The third time the AD line crosses above the 2.0 level, the indicator manages to stay above for 4 periods.
We open a long trade after the third period. As you see, the price starts increasing.
Meanwhile, the AD indicator starts fluctuating above and below the 2.0 level. Yet, the first 4 attempts the line doesn’t manage to stay below 2.0 for at least 10 periods. Therefore we disregard these as exit signals.
Our real exit signal comes when the AD line stays for more than 10 periods below the 2.0 level. This happens a couple hours after we bought NFLX. This is when we should close our trade and collect our profit.
Now, let’s discuss another indicator you can trade with the advance-decline ratio indicator – the TRIX (Triple Exponential Average) oscillator.
The TRIX indicator consists of a single line, which fluctuates below and above a zero level. We will use the TRIX to confirm entry signals which come from the advance-decline stock indicator.
When we get a long signal from the AD tool, we will first need to see the TRIX above the zero level in order to go long. Contrary to this, if we get a short signal from the AD, we will first need to see the TRIX line below the zero level in order to go short.
In this manner, the TRIX is used as a validation signal for entering trades. The exit signal stays the same. We will only use the AD tool to identify closing signals. Let me now show you how the advance decline trading strategy works.
Above is the 5-minute chart of Yahoo from November 18, 2015.
The average level of the advance-decline chart is located at 2.0, so this is what we will use as a trigger line.
The image starts with a price increase. Meanwhile, the AD tool has an impulse move above the average level at 2.0. However, the line only stays above for a few periods and as you know, we need at least 3 periods in order to consider this a valid long signal.
Furthermore, the TRIX line is below the zero level at this point.
Six periods later, the TRIX line crosses the zero level upwards.
One period later, the AD line crosses above the 2.0 level and we start to count the periods.
Fifteen minutes later (3 periods), the AD line is still above 2.0. The TRIX line holds its position above zero and is steadily increasing.
Therefore, we realize this is our long signal and we buy Yahoo as shown on the image.
YHOO then begins to increase. The TRIX line also increases following the price action.
However, the advance-decline line hops below the 2.0 level. According to our strategy, we need to see the AD line below the average level (2.0) for at least ten periods before we exit our trade.

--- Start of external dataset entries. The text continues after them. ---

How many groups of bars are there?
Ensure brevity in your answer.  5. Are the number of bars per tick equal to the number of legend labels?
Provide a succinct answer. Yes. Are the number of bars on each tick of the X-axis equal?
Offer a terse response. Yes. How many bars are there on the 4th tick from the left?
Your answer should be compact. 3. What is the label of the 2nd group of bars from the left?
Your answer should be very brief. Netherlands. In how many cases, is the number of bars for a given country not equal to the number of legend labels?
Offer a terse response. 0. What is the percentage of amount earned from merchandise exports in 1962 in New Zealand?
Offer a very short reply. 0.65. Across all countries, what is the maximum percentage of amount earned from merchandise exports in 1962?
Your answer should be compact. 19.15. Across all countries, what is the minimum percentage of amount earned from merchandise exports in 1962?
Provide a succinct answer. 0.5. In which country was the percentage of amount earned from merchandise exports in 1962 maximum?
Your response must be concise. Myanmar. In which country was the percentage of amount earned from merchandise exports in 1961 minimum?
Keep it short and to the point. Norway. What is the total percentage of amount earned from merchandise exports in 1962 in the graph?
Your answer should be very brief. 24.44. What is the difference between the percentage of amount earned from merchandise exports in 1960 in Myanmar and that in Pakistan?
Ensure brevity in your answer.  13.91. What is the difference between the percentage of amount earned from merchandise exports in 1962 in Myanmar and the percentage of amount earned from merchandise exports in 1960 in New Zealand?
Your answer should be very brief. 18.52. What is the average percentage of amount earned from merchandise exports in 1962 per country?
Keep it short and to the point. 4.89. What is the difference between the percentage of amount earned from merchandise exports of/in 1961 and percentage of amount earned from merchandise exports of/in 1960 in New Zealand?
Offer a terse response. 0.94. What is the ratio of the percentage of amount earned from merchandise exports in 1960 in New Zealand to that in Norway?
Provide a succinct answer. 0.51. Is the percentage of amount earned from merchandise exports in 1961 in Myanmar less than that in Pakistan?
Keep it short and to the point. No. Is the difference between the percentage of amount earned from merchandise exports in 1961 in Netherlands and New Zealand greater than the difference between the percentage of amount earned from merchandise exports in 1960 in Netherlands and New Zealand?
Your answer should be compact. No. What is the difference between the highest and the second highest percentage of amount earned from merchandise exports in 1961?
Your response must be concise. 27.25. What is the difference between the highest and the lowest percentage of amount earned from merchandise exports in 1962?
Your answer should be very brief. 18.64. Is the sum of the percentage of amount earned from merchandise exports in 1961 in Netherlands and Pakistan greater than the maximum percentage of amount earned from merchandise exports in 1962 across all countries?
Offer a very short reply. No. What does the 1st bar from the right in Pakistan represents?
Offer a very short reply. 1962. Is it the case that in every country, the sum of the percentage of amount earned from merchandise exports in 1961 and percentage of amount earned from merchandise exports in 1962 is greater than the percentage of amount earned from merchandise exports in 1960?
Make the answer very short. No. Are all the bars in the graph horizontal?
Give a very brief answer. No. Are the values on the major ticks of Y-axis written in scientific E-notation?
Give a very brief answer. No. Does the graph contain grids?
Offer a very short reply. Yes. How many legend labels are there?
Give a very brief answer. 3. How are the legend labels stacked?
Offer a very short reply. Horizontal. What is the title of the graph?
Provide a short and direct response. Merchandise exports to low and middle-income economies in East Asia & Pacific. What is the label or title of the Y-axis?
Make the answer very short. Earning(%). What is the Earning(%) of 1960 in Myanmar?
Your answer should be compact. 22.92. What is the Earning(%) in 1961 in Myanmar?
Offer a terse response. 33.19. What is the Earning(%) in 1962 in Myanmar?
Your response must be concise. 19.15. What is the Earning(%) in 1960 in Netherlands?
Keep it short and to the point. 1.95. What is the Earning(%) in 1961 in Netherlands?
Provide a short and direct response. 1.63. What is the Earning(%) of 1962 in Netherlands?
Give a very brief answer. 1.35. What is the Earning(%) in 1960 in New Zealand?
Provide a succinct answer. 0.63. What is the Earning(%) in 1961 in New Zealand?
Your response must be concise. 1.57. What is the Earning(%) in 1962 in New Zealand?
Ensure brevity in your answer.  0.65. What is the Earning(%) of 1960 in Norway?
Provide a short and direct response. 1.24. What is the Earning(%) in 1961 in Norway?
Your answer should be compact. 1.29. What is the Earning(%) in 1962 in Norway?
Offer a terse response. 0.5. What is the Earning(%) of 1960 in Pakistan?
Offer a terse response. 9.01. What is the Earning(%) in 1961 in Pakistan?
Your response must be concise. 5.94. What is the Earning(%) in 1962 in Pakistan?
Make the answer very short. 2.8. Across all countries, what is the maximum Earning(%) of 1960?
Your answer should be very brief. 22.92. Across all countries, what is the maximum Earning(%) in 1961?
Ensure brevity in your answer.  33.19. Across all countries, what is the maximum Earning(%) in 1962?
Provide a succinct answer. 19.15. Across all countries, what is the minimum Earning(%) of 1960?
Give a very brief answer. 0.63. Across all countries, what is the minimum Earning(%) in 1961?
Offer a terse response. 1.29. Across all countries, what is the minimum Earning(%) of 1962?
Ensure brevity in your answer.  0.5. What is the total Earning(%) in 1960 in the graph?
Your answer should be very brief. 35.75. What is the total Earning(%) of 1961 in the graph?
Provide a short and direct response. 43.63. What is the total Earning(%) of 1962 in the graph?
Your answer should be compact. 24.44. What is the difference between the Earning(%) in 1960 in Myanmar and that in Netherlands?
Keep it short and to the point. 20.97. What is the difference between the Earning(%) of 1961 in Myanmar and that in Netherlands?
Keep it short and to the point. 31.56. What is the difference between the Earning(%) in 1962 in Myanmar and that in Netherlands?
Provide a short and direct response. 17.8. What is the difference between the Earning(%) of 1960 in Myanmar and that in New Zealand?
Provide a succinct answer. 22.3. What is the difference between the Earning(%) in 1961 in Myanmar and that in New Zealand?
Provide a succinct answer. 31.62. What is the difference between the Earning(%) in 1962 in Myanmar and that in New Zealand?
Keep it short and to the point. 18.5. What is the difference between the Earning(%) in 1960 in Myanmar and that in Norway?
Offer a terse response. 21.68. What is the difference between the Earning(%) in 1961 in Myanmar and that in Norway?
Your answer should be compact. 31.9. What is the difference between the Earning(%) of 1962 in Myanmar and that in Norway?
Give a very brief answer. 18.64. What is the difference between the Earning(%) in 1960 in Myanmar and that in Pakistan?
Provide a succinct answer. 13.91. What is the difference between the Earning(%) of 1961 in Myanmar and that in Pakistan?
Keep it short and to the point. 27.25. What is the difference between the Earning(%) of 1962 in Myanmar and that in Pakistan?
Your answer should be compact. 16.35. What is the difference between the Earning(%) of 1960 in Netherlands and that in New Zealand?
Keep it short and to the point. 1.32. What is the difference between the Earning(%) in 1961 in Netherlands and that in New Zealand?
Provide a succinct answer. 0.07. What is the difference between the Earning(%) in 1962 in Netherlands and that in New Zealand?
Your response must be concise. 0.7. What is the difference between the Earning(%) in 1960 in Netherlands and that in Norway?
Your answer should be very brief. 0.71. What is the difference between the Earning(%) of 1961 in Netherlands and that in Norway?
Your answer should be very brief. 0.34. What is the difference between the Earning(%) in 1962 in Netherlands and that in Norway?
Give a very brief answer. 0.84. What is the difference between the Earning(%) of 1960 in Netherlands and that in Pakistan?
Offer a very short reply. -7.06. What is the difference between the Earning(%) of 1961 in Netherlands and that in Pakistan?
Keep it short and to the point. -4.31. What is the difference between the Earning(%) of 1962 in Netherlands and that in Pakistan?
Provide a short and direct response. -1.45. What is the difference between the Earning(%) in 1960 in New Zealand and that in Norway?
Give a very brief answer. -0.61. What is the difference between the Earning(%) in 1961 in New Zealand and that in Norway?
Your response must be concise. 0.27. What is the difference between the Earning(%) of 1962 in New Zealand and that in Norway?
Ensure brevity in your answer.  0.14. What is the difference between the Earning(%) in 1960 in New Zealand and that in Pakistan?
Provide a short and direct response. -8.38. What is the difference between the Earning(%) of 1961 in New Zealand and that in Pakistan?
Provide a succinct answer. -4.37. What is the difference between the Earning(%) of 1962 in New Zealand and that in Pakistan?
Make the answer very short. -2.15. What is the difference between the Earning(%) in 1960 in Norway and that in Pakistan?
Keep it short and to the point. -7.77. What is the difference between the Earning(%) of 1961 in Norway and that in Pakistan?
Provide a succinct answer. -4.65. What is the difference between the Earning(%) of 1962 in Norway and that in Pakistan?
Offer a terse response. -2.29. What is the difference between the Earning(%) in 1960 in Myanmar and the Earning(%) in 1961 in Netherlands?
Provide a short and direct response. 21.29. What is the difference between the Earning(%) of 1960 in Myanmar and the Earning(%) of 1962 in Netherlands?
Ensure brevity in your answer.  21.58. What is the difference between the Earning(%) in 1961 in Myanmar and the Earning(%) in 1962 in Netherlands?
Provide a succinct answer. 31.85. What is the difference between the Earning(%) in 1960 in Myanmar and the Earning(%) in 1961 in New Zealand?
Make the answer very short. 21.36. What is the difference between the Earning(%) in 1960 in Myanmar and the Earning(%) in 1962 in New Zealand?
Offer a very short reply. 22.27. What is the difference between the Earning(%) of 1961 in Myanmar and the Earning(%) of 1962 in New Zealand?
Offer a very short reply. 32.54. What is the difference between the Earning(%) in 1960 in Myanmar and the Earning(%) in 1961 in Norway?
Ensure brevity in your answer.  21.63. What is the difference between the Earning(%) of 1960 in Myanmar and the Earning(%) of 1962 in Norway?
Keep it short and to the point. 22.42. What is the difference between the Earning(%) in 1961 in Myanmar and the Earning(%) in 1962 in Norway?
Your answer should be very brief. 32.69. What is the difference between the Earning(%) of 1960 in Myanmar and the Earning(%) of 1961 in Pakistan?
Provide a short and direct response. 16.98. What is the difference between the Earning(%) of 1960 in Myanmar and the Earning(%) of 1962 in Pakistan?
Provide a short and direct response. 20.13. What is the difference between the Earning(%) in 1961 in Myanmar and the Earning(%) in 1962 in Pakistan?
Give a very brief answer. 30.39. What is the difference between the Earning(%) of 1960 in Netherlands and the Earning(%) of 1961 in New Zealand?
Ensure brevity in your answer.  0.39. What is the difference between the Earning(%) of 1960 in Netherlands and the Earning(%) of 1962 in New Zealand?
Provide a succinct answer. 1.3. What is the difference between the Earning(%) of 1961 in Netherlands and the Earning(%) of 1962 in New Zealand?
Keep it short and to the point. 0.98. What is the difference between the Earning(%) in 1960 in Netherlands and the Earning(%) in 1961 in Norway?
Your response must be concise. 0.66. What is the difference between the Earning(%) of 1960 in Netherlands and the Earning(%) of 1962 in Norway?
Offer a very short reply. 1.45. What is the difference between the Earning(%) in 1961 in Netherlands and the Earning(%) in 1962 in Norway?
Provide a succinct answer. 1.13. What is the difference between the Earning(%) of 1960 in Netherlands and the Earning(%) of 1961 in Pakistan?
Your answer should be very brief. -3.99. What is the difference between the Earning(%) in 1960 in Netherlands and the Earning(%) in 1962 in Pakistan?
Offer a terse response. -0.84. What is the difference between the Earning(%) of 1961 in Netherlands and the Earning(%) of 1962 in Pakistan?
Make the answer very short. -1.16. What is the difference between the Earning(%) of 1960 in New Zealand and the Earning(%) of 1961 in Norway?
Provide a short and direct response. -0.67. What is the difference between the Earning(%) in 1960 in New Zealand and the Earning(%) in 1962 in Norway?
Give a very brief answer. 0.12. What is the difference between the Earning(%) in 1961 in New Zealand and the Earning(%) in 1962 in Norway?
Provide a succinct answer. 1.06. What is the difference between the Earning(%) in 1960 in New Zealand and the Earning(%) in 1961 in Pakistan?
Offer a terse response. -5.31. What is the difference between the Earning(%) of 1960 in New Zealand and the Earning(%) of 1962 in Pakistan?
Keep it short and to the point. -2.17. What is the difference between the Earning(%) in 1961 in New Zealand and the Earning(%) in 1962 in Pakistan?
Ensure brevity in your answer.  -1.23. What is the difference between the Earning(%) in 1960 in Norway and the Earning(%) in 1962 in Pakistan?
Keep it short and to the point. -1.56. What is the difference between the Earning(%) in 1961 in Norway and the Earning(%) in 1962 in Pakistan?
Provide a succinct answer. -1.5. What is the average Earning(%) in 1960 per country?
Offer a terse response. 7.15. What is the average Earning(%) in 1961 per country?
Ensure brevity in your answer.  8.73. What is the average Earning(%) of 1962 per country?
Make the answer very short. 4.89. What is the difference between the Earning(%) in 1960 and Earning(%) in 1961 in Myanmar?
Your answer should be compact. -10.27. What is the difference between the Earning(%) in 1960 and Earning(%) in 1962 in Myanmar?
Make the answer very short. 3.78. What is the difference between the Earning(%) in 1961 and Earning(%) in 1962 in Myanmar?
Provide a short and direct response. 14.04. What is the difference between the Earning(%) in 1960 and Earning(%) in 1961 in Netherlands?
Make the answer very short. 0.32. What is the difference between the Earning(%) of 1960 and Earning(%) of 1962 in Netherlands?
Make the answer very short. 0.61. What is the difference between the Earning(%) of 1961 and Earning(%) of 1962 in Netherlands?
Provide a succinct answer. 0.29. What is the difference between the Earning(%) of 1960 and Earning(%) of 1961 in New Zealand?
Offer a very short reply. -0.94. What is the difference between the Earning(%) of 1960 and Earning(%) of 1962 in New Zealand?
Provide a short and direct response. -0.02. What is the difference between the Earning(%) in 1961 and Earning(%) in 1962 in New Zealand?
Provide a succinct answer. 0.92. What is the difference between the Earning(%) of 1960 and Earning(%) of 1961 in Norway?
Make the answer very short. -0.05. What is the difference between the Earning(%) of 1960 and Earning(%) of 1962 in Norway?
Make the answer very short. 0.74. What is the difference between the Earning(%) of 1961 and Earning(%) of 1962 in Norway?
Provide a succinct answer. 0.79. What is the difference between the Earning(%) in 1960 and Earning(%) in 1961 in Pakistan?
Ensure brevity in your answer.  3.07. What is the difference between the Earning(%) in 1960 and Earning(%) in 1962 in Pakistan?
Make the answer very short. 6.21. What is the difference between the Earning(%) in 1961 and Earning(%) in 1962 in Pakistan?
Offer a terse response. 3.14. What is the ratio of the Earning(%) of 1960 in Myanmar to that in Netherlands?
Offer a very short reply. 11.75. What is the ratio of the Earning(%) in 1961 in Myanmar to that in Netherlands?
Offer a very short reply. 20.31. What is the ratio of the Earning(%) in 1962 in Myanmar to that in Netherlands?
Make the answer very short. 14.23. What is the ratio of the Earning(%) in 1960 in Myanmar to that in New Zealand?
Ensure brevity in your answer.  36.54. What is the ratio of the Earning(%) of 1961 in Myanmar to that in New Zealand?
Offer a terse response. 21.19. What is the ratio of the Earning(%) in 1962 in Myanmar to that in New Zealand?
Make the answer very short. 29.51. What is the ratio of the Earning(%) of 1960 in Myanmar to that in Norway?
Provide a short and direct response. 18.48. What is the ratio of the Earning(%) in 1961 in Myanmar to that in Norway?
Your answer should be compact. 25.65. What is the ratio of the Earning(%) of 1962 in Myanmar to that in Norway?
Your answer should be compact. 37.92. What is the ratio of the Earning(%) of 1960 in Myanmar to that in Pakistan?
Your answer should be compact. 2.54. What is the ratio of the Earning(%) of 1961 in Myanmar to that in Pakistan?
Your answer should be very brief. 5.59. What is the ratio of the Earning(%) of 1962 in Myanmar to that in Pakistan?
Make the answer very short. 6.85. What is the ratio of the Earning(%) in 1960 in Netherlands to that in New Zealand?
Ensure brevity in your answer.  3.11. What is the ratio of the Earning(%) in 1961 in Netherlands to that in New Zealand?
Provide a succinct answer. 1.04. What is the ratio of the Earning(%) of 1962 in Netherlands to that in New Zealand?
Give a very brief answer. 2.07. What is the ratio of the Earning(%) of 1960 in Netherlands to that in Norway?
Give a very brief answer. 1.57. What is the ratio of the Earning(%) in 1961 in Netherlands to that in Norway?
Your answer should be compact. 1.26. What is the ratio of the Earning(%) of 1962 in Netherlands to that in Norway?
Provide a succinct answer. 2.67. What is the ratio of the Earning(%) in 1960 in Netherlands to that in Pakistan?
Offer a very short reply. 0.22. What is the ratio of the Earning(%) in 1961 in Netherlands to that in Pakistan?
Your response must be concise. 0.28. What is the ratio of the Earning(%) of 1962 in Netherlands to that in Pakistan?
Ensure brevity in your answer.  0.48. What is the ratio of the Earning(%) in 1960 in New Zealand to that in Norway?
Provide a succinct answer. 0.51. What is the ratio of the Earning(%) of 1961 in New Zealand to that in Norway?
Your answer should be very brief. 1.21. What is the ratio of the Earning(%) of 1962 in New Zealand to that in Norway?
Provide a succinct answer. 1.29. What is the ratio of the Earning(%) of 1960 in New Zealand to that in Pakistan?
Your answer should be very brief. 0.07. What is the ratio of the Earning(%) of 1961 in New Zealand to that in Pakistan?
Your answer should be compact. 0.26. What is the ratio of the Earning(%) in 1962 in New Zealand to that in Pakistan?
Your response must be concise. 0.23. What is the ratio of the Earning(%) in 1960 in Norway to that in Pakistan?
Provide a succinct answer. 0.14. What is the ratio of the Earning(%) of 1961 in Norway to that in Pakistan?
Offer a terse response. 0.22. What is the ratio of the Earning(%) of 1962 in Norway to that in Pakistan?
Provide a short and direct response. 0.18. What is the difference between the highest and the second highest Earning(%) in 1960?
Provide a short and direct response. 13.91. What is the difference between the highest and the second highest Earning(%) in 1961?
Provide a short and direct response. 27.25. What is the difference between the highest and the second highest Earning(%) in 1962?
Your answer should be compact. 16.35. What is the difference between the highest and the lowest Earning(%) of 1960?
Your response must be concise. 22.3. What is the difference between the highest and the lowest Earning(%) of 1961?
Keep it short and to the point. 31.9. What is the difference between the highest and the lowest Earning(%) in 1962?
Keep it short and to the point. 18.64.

For this reason, we start to count every finished period starting from the moment the indicator flipped below 2.0. For 9 periods, the AD line stays below 0.0 and then it switches above. For this reason, we keep holding our trade.
Almost an hour later, we are forced to close our long position due to the end of the trading session.
After all, we are day trading and we need to close all trades during market hours.